* **Task to complete**
From the data below, set down exactly the lines between the one holding "Next, the scissors." and the one holding "Format example (made", inclusive, and no others.

* **Input material**
········
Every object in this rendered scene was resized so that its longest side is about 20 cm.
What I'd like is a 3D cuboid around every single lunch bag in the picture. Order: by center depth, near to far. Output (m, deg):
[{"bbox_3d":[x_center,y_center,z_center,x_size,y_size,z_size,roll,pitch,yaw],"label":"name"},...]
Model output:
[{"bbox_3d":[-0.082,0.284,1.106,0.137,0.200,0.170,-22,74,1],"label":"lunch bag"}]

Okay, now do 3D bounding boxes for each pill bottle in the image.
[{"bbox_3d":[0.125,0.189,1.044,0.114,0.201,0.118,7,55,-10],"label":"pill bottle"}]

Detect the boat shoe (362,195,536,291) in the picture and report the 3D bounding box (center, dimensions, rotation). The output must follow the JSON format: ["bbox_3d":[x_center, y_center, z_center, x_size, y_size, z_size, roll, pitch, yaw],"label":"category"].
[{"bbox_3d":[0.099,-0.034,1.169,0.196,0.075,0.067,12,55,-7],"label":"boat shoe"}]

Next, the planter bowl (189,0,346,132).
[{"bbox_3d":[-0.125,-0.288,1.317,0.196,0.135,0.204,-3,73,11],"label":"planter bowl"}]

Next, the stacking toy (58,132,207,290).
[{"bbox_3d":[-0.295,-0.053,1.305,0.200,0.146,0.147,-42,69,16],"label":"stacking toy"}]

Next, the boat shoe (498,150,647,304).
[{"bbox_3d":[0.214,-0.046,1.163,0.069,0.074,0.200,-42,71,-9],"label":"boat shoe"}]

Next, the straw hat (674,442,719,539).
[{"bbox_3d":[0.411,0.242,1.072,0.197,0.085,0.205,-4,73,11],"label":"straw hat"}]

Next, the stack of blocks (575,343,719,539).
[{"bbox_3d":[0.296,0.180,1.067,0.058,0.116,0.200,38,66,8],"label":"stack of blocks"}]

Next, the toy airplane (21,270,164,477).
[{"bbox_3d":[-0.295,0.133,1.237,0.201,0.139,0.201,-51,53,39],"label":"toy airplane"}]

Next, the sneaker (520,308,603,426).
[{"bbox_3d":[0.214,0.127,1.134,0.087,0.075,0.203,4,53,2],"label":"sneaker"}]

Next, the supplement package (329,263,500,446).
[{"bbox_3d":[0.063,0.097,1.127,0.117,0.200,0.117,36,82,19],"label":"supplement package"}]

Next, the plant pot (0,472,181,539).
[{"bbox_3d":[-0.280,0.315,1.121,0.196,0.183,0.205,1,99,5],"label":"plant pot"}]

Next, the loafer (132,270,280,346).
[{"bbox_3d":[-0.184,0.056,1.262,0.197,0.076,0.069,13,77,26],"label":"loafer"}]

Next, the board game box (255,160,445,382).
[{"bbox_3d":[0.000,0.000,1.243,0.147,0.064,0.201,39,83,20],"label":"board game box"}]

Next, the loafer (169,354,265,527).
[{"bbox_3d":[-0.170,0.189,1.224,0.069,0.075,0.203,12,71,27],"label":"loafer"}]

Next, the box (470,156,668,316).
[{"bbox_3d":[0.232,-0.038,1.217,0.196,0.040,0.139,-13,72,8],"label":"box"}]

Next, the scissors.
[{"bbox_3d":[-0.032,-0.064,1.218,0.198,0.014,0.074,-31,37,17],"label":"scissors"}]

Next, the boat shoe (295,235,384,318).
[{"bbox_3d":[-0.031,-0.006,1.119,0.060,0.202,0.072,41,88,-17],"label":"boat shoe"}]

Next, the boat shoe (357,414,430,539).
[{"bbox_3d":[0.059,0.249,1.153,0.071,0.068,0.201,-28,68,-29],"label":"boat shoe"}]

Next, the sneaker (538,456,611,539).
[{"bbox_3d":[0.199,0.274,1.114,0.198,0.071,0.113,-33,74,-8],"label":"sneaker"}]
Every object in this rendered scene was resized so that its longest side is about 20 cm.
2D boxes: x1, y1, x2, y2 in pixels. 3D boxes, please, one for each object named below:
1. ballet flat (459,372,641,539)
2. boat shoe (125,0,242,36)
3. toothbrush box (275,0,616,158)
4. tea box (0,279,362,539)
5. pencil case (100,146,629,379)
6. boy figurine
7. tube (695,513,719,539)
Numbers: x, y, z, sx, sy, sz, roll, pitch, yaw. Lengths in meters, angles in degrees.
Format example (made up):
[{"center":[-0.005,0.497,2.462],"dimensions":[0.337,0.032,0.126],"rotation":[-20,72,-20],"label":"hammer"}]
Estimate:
········
* **Exercise result**
Next, the scissors.
[{"bbox_3d":[-0.032,-0.064,1.218,0.198,0.014,0.074,-31,37,17],"label":"scissors"}]

Next, the boat shoe (295,235,384,318).
[{"bbox_3d":[-0.031,-0.006,1.119,0.060,0.202,0.072,41,88,-17],"label":"boat shoe"}]

Next, the boat shoe (357,414,430,539).
[{"bbox_3d":[0.059,0.249,1.153,0.071,0.068,0.201,-28,68,-29],"label":"boat shoe"}]

Next, the sneaker (538,456,611,539).
[{"bbox_3d":[0.199,0.274,1.114,0.198,0.071,0.113,-33,74,-8],"label":"sneaker"}]
Every object in this rendered scene was resized so that its longest side is about 20 cm.
2D boxes: x1, y1, x2, y2 in pixels. 3D boxes, please, one for each object named below:
1. ballet flat (459,372,641,539)
2. boat shoe (125,0,242,36)
3. toothbrush box (275,0,616,158)
4. tea box (0,279,362,539)
5. pencil case (100,146,629,379)
6. boy figurine
7. tube (695,513,719,539)
Numbers: x, y, z, sx, sy, sz, roll, pitch, yaw. Lengths in meters, angles in degrees.
Format example (made up):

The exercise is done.